Telmo Gonçalves escusou-se de se pronunciar sobre as medidas do plano por estarem a ser analisadas por instrumentos legais, mas mostrou estar de acordo com a importância do financiamento do serviço público. “Não se deve ter medo dos incentivos à comunicação social. Há muitos mecanismos e formas muito já experimentadas para se conseguir proteger a liberdade de imprensa e a independência do jornalismo. E de, simultaneamente, o Estado cumprir uma função de manter a liberdade de imprensa e manter as suas sociedades pluralistas, algo fundamental numa democracia", salientou.
Subida de regimes autoritários gera menos segurança
A mesa redonda foi aberta com a contextualização do estado da liberdade de imprensa no mundo, que está a descer ao nível dos anos 80 com a subida de autocracias. Em 2023, 71% da população mundial vivia sobre a governança desses regimes, quando há 30 anos este valor chegava a metade, notou Ruth Kronenburg, diretora-executiva da Free Press Unlimited.
“Sem informação, é impossível fazer decisões, especialmente em tempos de conflito, mas para isso é preciso garantir primeiro a segurança dos jornalistas”, alertou a investigadora, que apresentou um dado sobre a falta de segurança de jornalistas nos Países Baixos. Os casos de agressões verbais, ameaças, intimidação, partilha de dados pessoais de jornalistas, bem como agressões físicas estão a aumentar. Mas também de detenções durante a cobertura de ações e manifestações
E em Portugal, qual é a situação? Embora ocupe o 7.º lugar em 180 países no ranking da liberdade de imprensa deste ano, mas os jornalistas portugueses estão expostos a um conjunto de desafios económicos, jurídicos e de segurança. Mas também por uma crescente autocensura e ameaças verbais e intimidações no digital, em linha com o crescimento da extrema direita em Portugal, sublinha Sofia Branco, presidente da Associação Literacia Para os Media, moderadora da discussão.
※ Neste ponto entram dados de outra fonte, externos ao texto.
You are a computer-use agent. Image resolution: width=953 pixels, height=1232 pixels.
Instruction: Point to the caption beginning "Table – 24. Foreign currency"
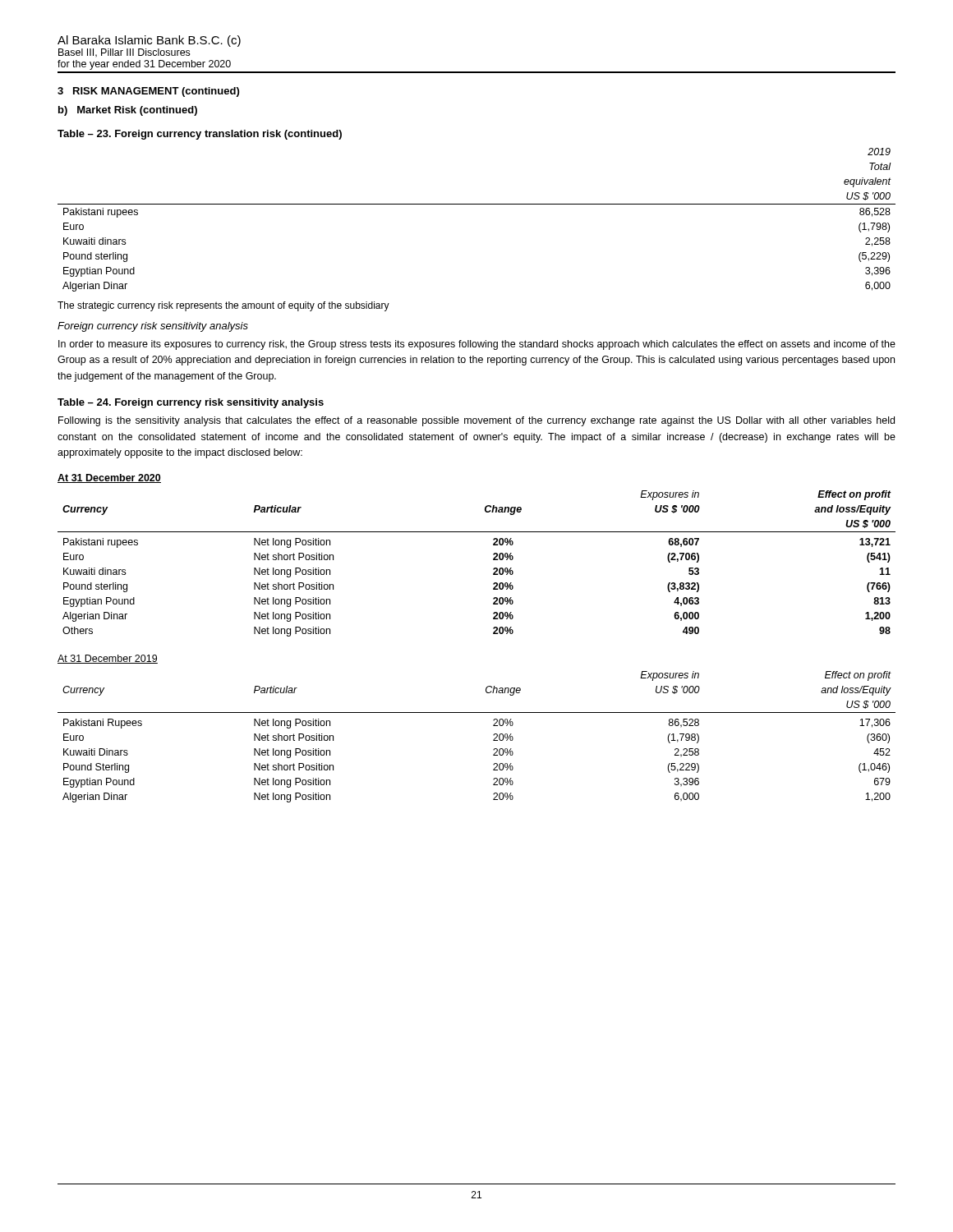(191, 402)

A sessão foi aberta pelo diretor-executivo do CoLABOR, João Vasco Lopes e Teresa Ribeiro, ex-representante para a Liberdade dos Media da Organização e Segurança e Cooperação Europeia (OSCE RFoM), que sublinharam o papel do jornalismo no reforço do estado de direito e para uma boa governança. Alertando, tal como os convidados de painel, que as ameaças aos jornalistas e a precariedade têm impactos negativos na qualidade informativa.
“É preciso mostrar que a liberdade dos media é um elemento constitutivo dos media e não é uma ameaça à segurança”, resumiu Teresa Ribeiro, defendendo que se deve combater este desafio em várias frentes, além do financiamento. Desde logo através de um “serviço público robusto”.
O evento conta com o alto patrocínio do presidente da República e o apoio do Sindicato dos Jornalistas e deverá ser encerrado pelo secretário de Estado Adjunto e dos Assuntos Parlamentares.